By: Michael Broderick
Published: April 14, 2015
Categories:
Probate and Estates
Tags:
Estate Administration
Will Contests

Anyone seeking to challenge the validity of a will offered into probate must initiate a proceeding known as a will contest. Grounds for initiating a will contest include the following:

  • Allegations that the person who created the will (the “testator”) was “not of sound mind,” under the “undue influence” of another, or otherwise lacked capacity at the time the will was created;
  • Allegations of fraud, forgery, or improper will execution; and
  • Claims that the proposed will was revoked and/or that a more recent will exists.

It is important for anyone seeking to contest a will to consider that the process is a form of litigation that can be very costly and should only be entered into after legal consultation.

Who Can Contest?

To initiate a will contest, an individual must be able to demonstrate her interest in the estate, known as “standing.” In other words, the contestant must be able to show that under her proposed set of facts and legal theory, the contestant stands to receive some interest in the estate.
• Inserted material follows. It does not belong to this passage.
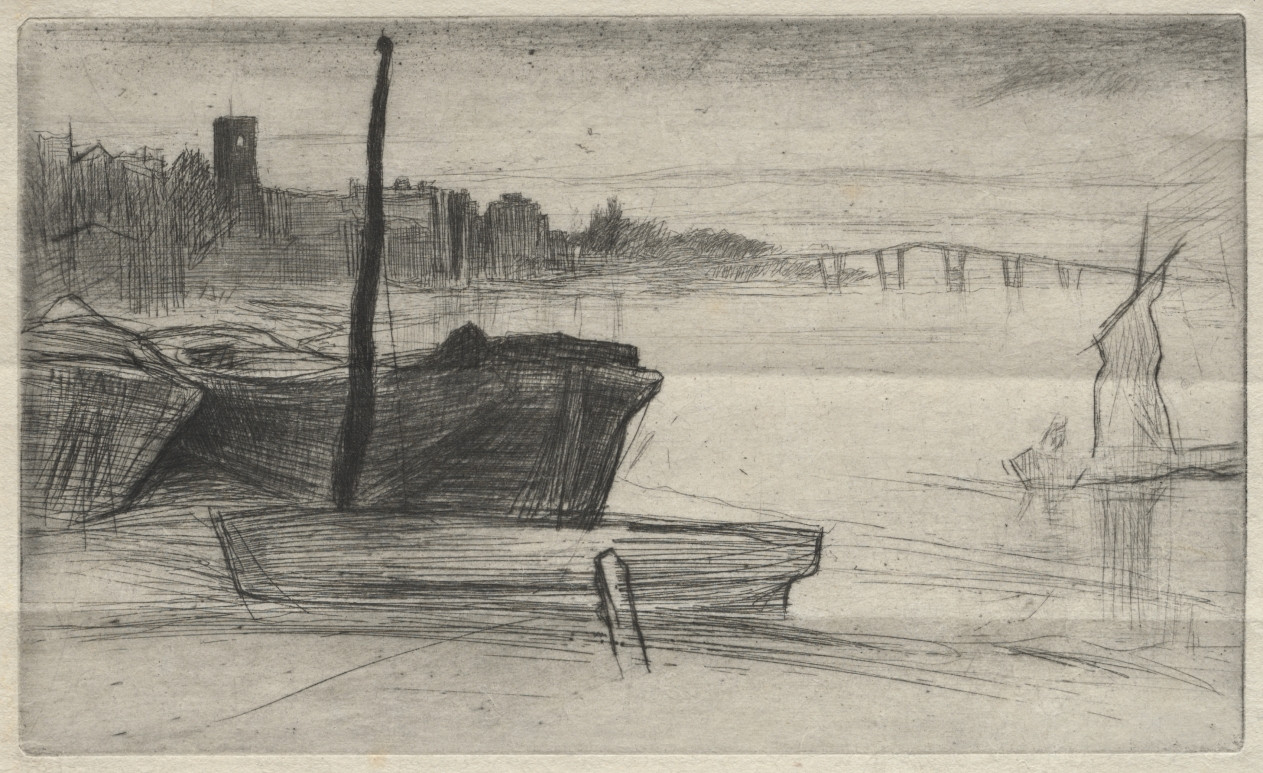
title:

Take the following example: the child of a testator has been omitted (disinherited) by a will offered into probate. The offered will leaves everything to the testator’s long-time gardener. If the child can demonstrate that the will is invalid (for example, on the basis that the will is a forgery), the child will inherit her “intestate” share of the estate (i.e. the inheritance provided to the child by law in the absence of a will). The child therefore has standing to contest the will. In contrast, the testator’s best friend, to whom the offered will leaves nothing, lacks standing because even if the will were determined to be invalid, the best friend would take nothing by intestate succession.
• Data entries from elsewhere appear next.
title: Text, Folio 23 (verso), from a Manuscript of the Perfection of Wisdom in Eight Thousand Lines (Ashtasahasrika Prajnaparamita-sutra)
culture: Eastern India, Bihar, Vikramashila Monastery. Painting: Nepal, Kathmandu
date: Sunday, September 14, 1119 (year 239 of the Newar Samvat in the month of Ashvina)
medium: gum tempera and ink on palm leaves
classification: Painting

How and When Does One Contest?

Generally, a will must be offered into probate within 3 years of the testator’s death. G.L. c. 190B, § 3-108. To understand how and when a contestant may enforce her claim thereafter, it is important to understand the distinction between the Massachusetts Uniform Probate Code’s informal and formal proceedings. (See, An Introduction to Probate and Estate Administration in Massachusetts). An informal proceeding is designed to allow quick opening and closing of estates. The trade off, however, is that an informal proceeding leaves open the possibility of future contests: it lacks the finality of a formal decree as to the validity of a will. Accordingly, where a will has been informally allowed, a contest may be filed within 3 years from the date of the testator’s death or 12 months from the informal allowance of the will, whichever is later. In this situation, the contestant will file a petition for formal proceedings to adjudicate her claim.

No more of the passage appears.